Task statement:
Could you repeat the records below exactly, leaving the pictures out?
--- Material provided Enclosed Below ---
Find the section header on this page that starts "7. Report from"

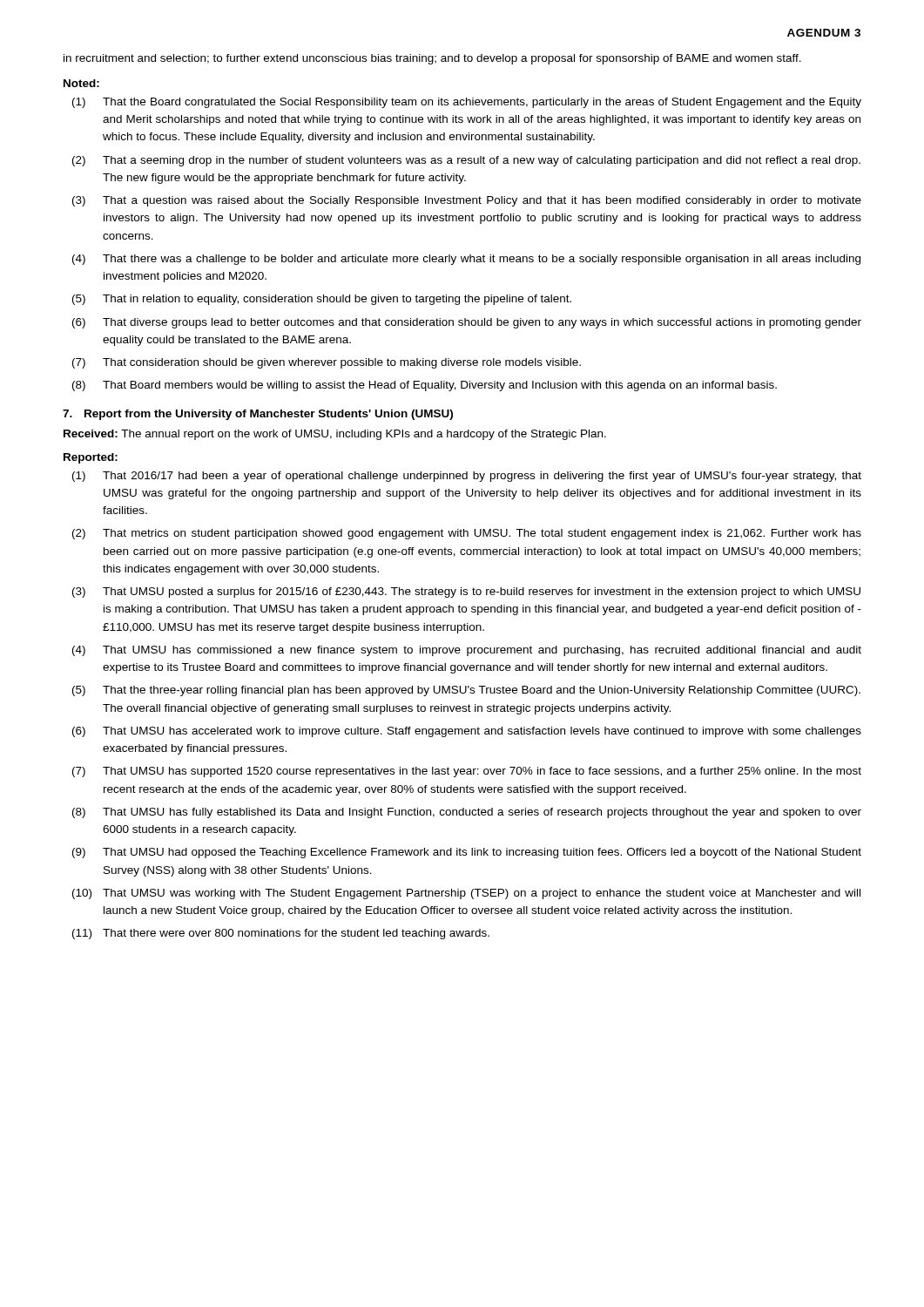[x=258, y=413]
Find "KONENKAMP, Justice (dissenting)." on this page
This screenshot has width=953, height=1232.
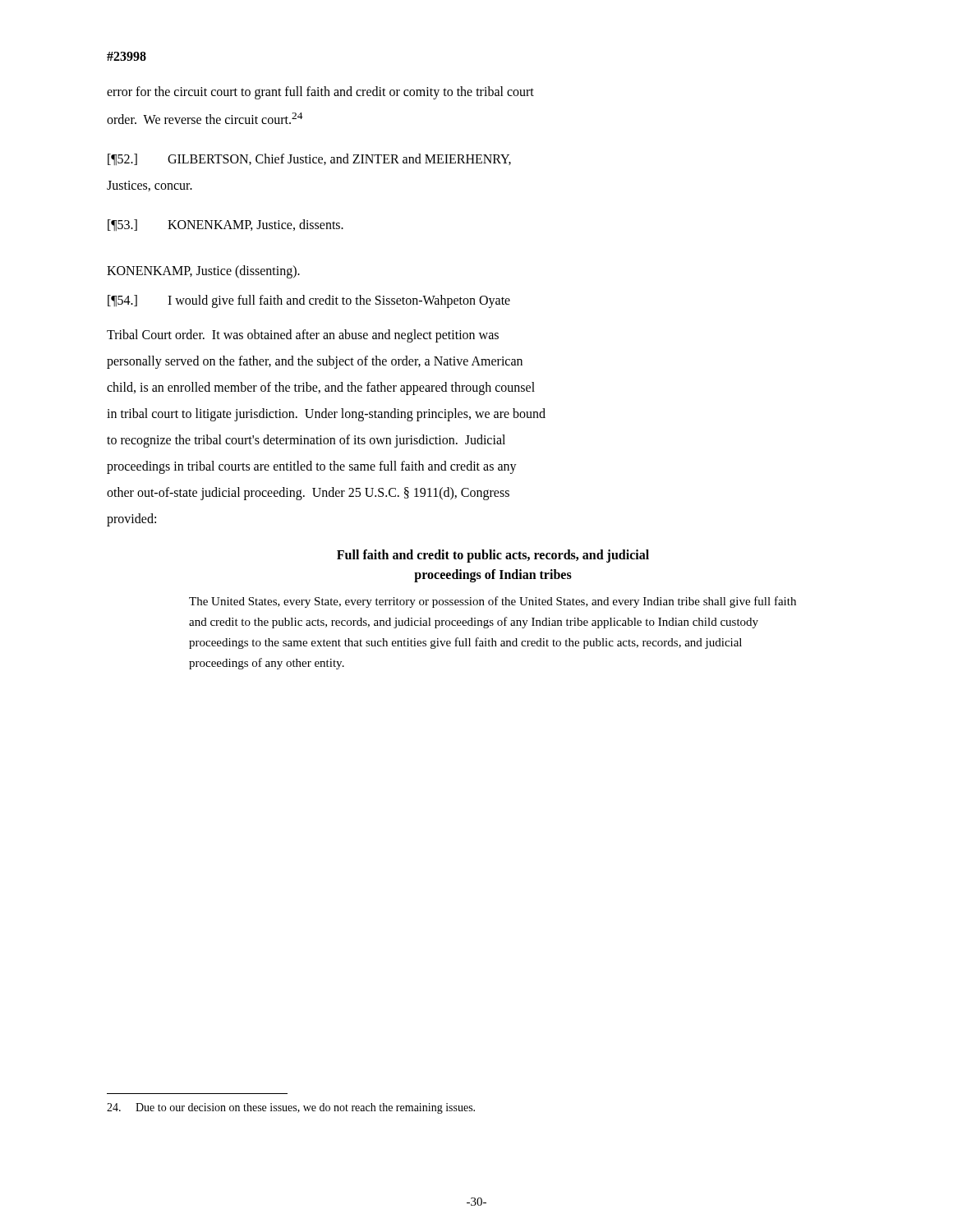[204, 271]
--- End of Enclosed Material provided ---
Result for this exercise:
Find the section header on this page that starts "7. Report from"

[x=258, y=413]
Find "KONENKAMP, Justice (dissenting)." on this page
This screenshot has width=953, height=1232.
[204, 271]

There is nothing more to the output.